Problem: Please repeat, exactly as written, the line containing "You are a GUI" and every line after it through the end of the records below, leaving out any pictures.

Start of Task material

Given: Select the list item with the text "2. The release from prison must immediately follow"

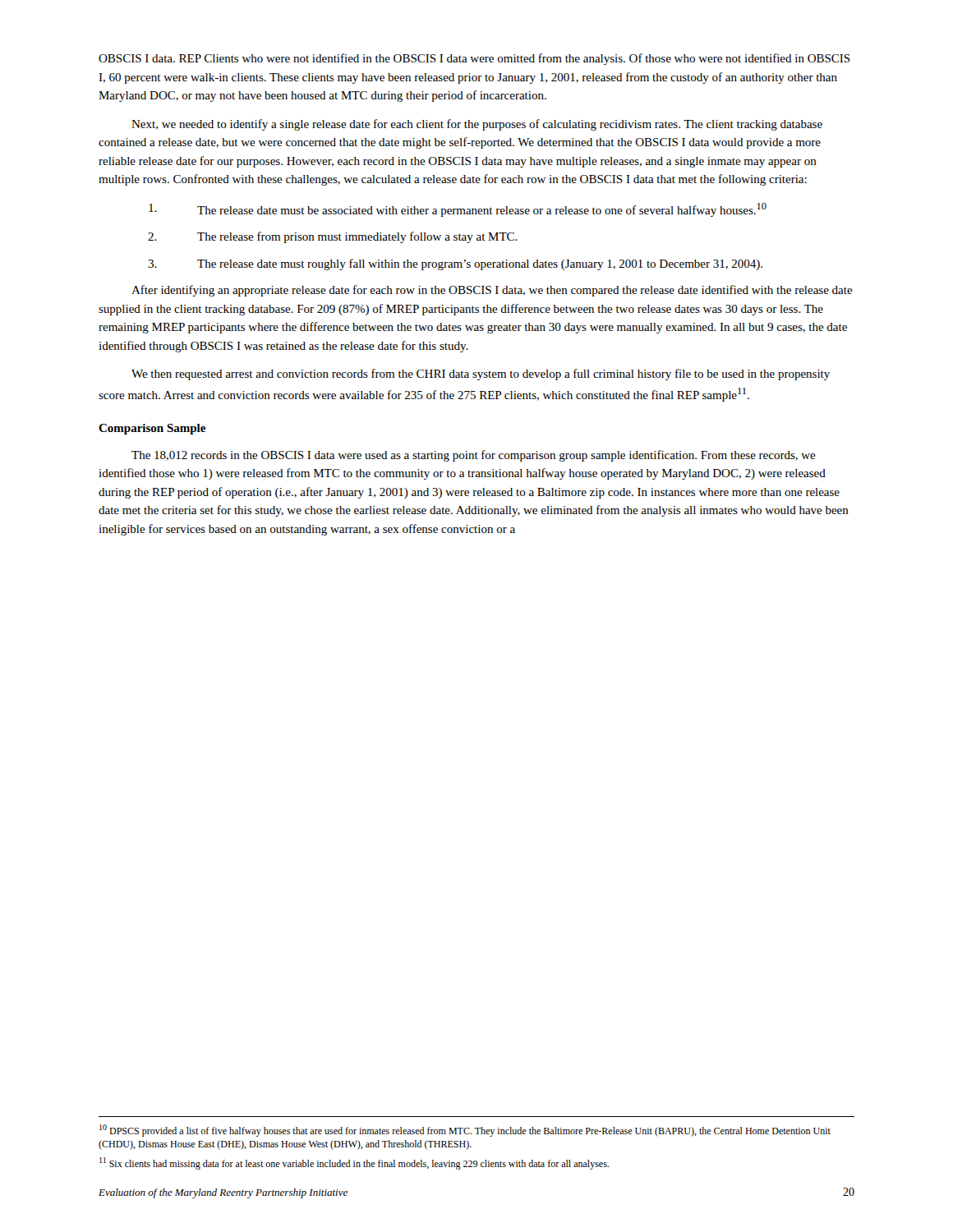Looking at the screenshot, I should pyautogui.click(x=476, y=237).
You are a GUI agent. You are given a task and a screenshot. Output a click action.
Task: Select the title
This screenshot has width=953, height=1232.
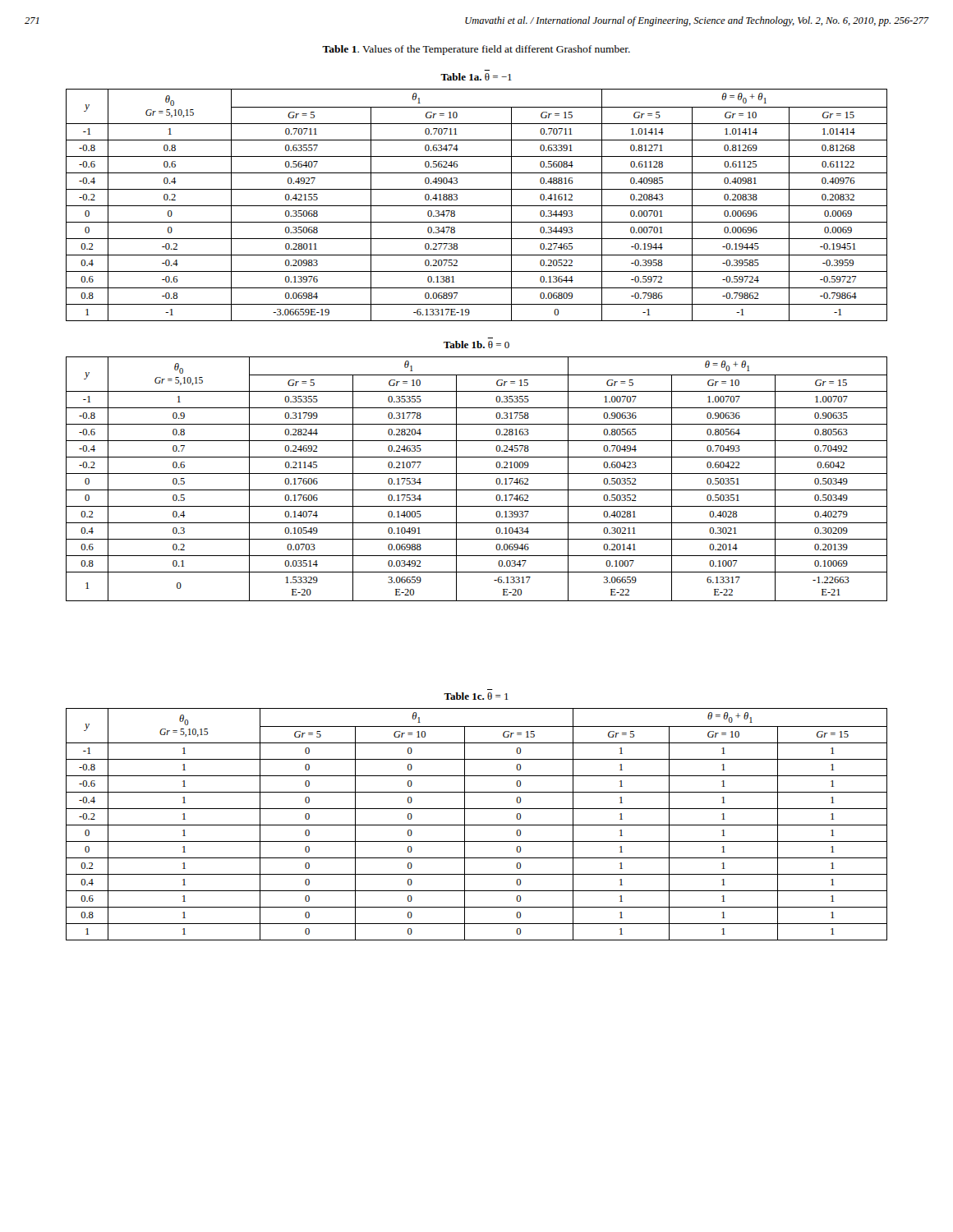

End of Task material

Response for this exercise:
You are a GUI agent. You are given a task and a screenshot. Output a click action.
Task: Select the title
This screenshot has width=953, height=1232.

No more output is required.